New contract will raise salaries of Newark teachers, end performance pay

Under a contract deal, Newark teachers will get annual raises and also will no longer be paid based in part on their students’ test scores, according to union documents released Tuesday.

Teachers and other union members will see their salaries increase by an average of about 3.1% per year under the new five-year contract, which still must be approved.

The contract eliminates provisions that tied teachers’ pay to their ratings, which are based on classroom observations and student test scores. Those pay-for-performance provisions were hailed as groundbreaking when they began in 2012 under a deal between the union and Newark’s state-appointed superintendent.

Now, the district will scrap bonuses for top-rated teachers, and will no longer automatically withhold salary increases from teachers deemed ineffective. However, the district still has discretion to block pay increases for “performance and/or disciplinary reasons,” according to the union’s summary of the new contract.

“All vestiges of corporate reform have been removed,” one of the union documents says.

If approved, the new contract will replace a four-year contract that expired in June. It will be the first since the state ended its takeover of the district in 2018 and a new superintendent, Roger León, was chosen by the city’s school board. 

León, a veteran Newark educator, has enjoyed a warmer relationship with the teachers union than his state-appointed predecessors. Negotiations over the new contract, which resulted in a tentative deal last week, appear to have gone more quickly and smoothly than in the past.

The deal includes many provisions that are likely to please teachers, including the annual raises that begin this year, more planning time, and higher pay for teachers with advanced degrees.

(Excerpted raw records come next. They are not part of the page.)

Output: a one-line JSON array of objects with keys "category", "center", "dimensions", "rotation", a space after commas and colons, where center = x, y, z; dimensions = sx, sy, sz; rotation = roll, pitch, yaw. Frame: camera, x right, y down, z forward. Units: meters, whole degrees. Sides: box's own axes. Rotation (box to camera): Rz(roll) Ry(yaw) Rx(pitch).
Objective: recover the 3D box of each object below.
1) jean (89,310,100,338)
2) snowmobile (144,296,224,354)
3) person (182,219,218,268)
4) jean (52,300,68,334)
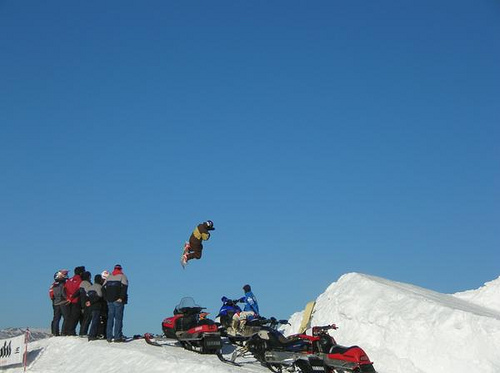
[{"category": "jean", "center": [-6.079, 5.291, 29.331], "dimensions": [0.321, 0.871, 0.534], "rotation": [8, -3, -9]}, {"category": "snowmobile", "center": [-2.190, 5.440, 28.649], "dimensions": [2.670, 1.556, 0.722], "rotation": [4, -4, 31]}, {"category": "person", "center": [-2.369, 2.537, 33.234], "dimensions": [0.683, 1.676, 1.294], "rotation": [10, -4, -34]}, {"category": "jean", "center": [-7.860, 5.348, 30.604], "dimensions": [0.538, 1.203, 0.733], "rotation": [10, -4, -34]}]
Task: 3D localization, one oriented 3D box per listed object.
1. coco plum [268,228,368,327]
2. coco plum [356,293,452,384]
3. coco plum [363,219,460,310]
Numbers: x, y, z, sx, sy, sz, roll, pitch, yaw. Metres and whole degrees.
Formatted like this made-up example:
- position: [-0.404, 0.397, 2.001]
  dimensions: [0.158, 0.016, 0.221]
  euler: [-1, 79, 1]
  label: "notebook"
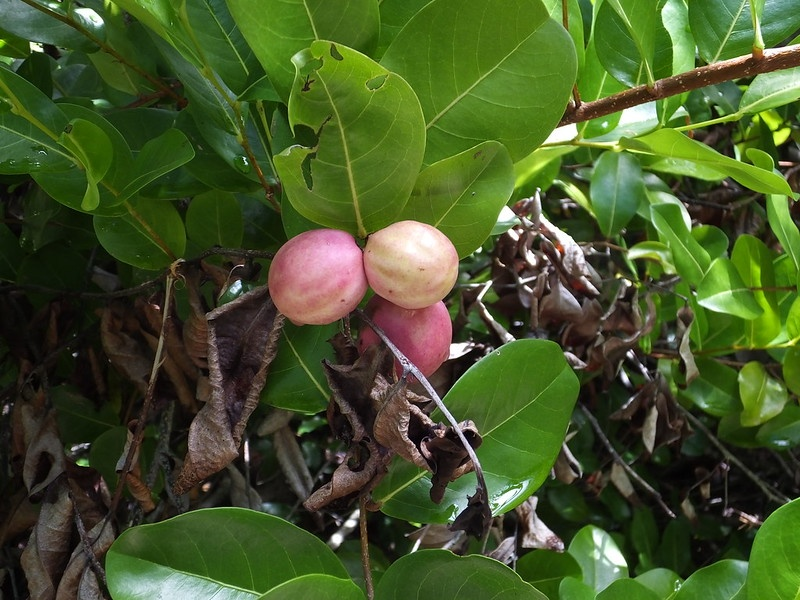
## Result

However, substitute teachers and classroom aides will not get modest pay increases for another two years.

The agreement also calls for the creation of a committee “to develop, implement, and monitor a new evaluation system,” according to the union documents — meaning that the district could change the way it judges teachers’ performance.

Union members will vote on the new contract Aug. 26. The Newark school board meets the following day, when it is expected to hold its own vote on the contract.

Here are highlights from the deal:

  • Annual raises: The district will raise salaries by 2.9% this school year. The raises will grow each year, capping at 3.3% in the 2023-24 school year. (The average salary increase for New Jersey teachers last school year was 2.9%, according to a survey of contracts by the New Jersey School Boards Association. In Newark’s previous contract, the raises averaged 2.4% per year.) All Newark Teachers Union members — which includes teachers, guidance counselors, social workers, and other school employees — will see their pay increase, though individual raises may vary.
  • Pay increases for advanced degrees: The new contract restores separate pay scales for teachers based on their degrees. Beginning this year, teachers with master’s degrees will get salary bumps of $1,000, while those with doctorates will get an extra $2,000. Next year, those rates will double. The 2012 had created a single pay scale for all new hires, with one-time bonuses for teachers who completed an approved graduate program.
  • Pay for substitutes and teacher aides: Substitute teachers will see their daily rate increase by $10 in September 2021 — to $130 for teachers without bachelor’s degrees and $150 for ones with degrees. (Here’s how Newark’s rate stacks up against other districts’.) The hourly rate for per diem teachers aides will increase by $1, to $16 per hour in 2021.
  • Planning time: All elementary school teachers will get at least five “prep” periods per week, up from four. Teachers can choose how to use three of the periods, while administrators control the other two.